ArrayMetric其实也是一个包装类，内部通过实例化LeapArray的对应实现类，来实现具体的统计逻辑，LeapArray是一个抽象类，OccupiableBucketLeapArray和BucketLeapArray都是其具体的实现类

OccupiableBucketLeapArray在1.5版本之后才被引入，主要是为了解决一些高优先级的请求在限流触发的时候也能通过(通过占用未来时间窗口的名额来实现) 也是默认使用的LeapArray实现类

而统计的逻辑也比较清楚，分成了两步：

1、定位到当前窗口
2、获取到当前窗口WindowWrap的MetricBucket并执行addPass逻辑

这里我们先看下第二步中的MetricBucket类，看看它做了哪些事情

MetricBucket

public class MetricBucket {

    //存放当前窗口各种类型的统计值(类型包括 PASS BLOCK EXCEPTION 等)
    private final LongAdder[] counters;
    
    public MetricBucket() {
        MetricEvent[] events = MetricEvent.values();
        this.counters = new LongAdder[events.length];
        for (MetricEvent event : events) {
            counters[event.ordinal()] = new LongAdder();
        }
        initMinRt();
    }   
    
    // 统计pass数
    public void addPass(int n) {
        add(MetricEvent.PASS, n);
    }
    
    // 统计可占用的pass数
    public void addOccupiedPass(int n) {
        add(MetricEvent.OCCUPIED_PASS, n);
    }
    
    // 统计异常数
    public void addException(int n) {
        add(MetricEvent.EXCEPTION, n);
    }
    
    // 统计block数
    public void addBlock(int n) {
        add(MetricEvent.BLOCK, n);
    }
}

MetricBucket通过定义了一个LongAdder数组来存储不同类型的流量统计值，具体的类型则都定义在MetricEvent枚举中。

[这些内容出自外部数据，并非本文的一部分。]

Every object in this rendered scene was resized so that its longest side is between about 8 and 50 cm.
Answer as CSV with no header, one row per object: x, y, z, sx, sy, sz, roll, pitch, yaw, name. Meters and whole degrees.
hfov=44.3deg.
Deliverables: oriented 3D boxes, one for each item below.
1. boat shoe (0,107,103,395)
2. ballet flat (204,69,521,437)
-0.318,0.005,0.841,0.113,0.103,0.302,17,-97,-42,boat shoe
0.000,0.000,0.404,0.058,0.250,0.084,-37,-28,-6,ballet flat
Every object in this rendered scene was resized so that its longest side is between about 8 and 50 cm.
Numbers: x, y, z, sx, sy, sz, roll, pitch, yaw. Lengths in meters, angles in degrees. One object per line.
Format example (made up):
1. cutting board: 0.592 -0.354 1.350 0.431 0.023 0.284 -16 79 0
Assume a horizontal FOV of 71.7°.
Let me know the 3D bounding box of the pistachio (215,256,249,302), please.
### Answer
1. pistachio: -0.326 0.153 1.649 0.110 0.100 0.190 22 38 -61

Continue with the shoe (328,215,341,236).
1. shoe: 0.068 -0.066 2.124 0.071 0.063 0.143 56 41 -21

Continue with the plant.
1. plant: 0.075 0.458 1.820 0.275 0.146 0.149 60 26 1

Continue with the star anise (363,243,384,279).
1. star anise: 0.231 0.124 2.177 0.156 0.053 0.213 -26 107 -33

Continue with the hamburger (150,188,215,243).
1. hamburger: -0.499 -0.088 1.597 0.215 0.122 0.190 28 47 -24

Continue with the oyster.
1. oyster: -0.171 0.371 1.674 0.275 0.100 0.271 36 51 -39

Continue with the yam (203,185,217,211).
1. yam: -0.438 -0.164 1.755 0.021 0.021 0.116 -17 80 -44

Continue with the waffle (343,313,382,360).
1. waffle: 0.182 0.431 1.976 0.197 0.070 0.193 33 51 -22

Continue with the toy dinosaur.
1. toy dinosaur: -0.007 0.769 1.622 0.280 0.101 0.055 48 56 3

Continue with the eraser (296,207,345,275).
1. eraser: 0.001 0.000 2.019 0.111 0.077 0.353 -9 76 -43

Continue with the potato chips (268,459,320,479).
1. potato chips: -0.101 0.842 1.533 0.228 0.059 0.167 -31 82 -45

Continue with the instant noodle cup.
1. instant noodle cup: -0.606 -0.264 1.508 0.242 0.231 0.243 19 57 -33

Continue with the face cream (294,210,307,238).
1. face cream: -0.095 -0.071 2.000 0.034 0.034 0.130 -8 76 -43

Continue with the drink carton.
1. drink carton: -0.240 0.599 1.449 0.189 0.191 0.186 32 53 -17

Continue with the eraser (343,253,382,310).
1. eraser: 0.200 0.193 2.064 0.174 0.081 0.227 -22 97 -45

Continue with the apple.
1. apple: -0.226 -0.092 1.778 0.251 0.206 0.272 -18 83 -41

执行addPass方法对应LongAdder数组索引下表为0的值递增

下面再来看下data.currentWindow()的内部逻辑

OccupiableBucketLeapArray

OccupiableBucketLeapArray继承了抽象类LeapArray，核心逻辑也是在LeapArray中

public abstract class LeapArray<T> {

    //时间窗口大小  单位ms
    protected int windowLengthInMs;
    
    //切分的窗口数
    protected int sampleCount;
    
    //统计的时间间隔 intervalInMs = windowLengthInMs * sampleCount
    protected int intervalInMs;
    
    
    private double intervalInSecond;

    //窗口数组 数组大小 = sampleCount
    protected final AtomicReferenceArray<WindowWrap<T>> array;
    
    //update lock 更新窗口时需要上锁
    private final ReentrantLock updateLock = new ReentrantLock();
    
    /**
     * @param sampleCount 需要划分的窗口数
     *
     * @param intervalInMs 间隔的统计时间
     */ 
    public LeapArray(int sampleCount, int intervalInMs) {
        AssertUtil.isTrue(sampleCount > 0, "bucket count is invalid: " + sampleCount);
        AssertUtil.isTrue(intervalInMs > 0, "total time interval of the sliding window should be positive");
        AssertUtil.isTrue(intervalInMs % sampleCount == 0, "time span needs to be evenly divided");

        this.windowLengthInMs = intervalInMs / sampleCount;
        this.intervalInMs = intervalInMs;
        this.intervalInSecond = intervalInMs / 1000.0;
        this.sampleCount = sampleCount;

        this.array = new AtomicReferenceArray<>(sampleCount);
    }   
    
    /**
     * 获取当前窗口
     */
    public WindowWrap<T> currentWindow() {
        return currentWindow(TimeUtil.currentTimeMillis());
    }
}

以上需要着重理解的是几个参数的含义：

sampleCount：定义的窗口的数。
intervalInMs：统计的时间间隔。
windowLengthInMs：每个窗口的时间大小 = intervalInMs / sampleCount。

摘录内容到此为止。